Stored entries:
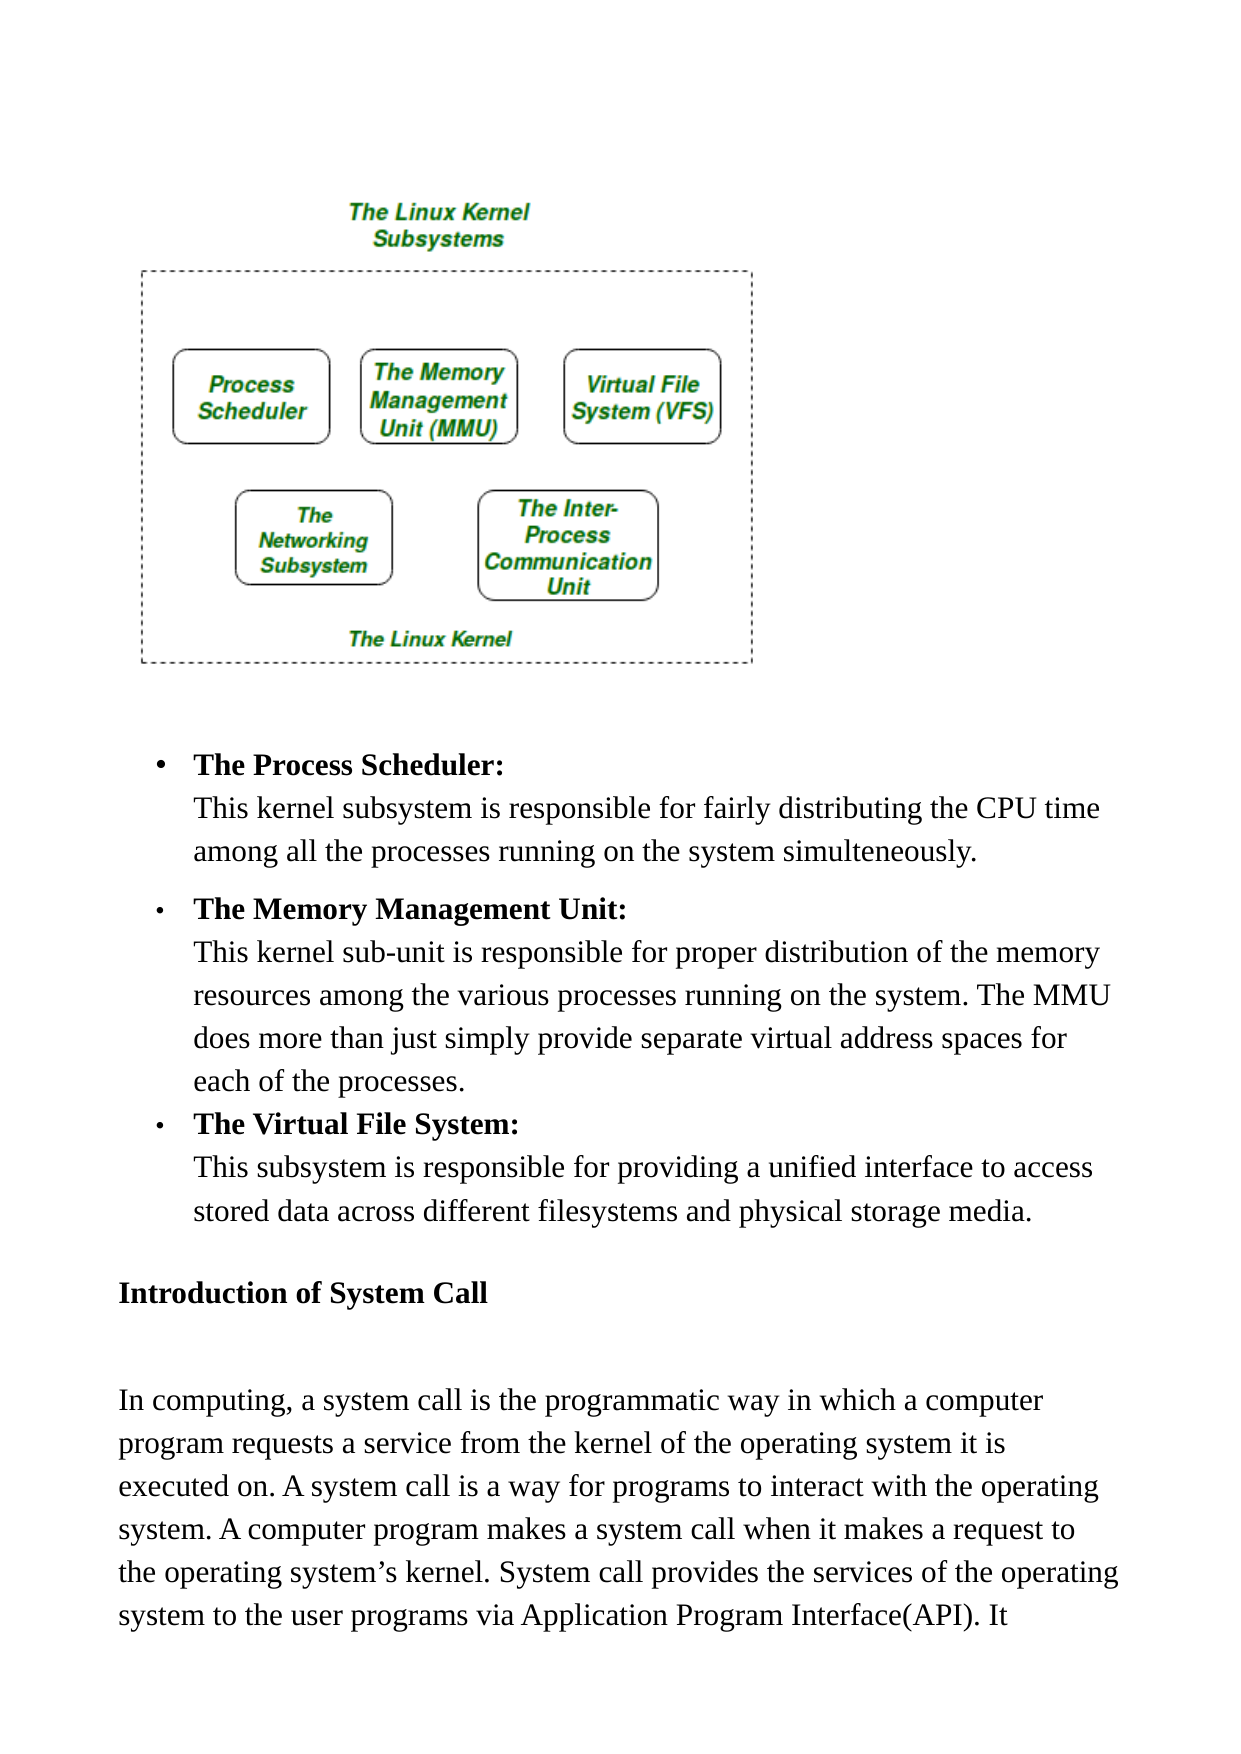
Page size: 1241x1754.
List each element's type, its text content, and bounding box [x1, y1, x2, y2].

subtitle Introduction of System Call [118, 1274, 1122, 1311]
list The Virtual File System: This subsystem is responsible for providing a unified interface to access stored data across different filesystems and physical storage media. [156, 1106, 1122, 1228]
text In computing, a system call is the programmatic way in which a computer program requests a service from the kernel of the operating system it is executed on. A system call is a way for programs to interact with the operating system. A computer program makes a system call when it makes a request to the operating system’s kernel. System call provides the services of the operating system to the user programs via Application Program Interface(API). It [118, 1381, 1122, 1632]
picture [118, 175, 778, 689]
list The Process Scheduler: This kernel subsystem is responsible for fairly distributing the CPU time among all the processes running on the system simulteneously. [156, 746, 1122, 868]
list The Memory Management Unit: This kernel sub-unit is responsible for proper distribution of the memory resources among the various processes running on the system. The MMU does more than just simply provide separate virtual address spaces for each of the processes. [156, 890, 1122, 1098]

YOUR INSTRUCTIONS →
Set down word for word the lines from the opening of the entries above through the line that contains "picture [118, 175, 778, 689]", and omit every picture.

WRITTEN SOLUTION →
Page size: 1241x1754.
List each element's type, its text content, and bounding box [x1, y1, x2, y2].

subtitle Introduction of System Call [118, 1274, 1122, 1311]
list The Virtual File System: This subsystem is responsible for providing a unified interface to access stored data across different filesystems and physical storage media. [156, 1106, 1122, 1228]
text In computing, a system call is the programmatic way in which a computer program requests a service from the kernel of the operating system it is executed on. A system call is a way for programs to interact with the operating system. A computer program makes a system call when it makes a request to the operating system’s kernel. System call provides the services of the operating system to the user programs via Application Program Interface(API). It [118, 1381, 1122, 1632]
picture [118, 175, 778, 689]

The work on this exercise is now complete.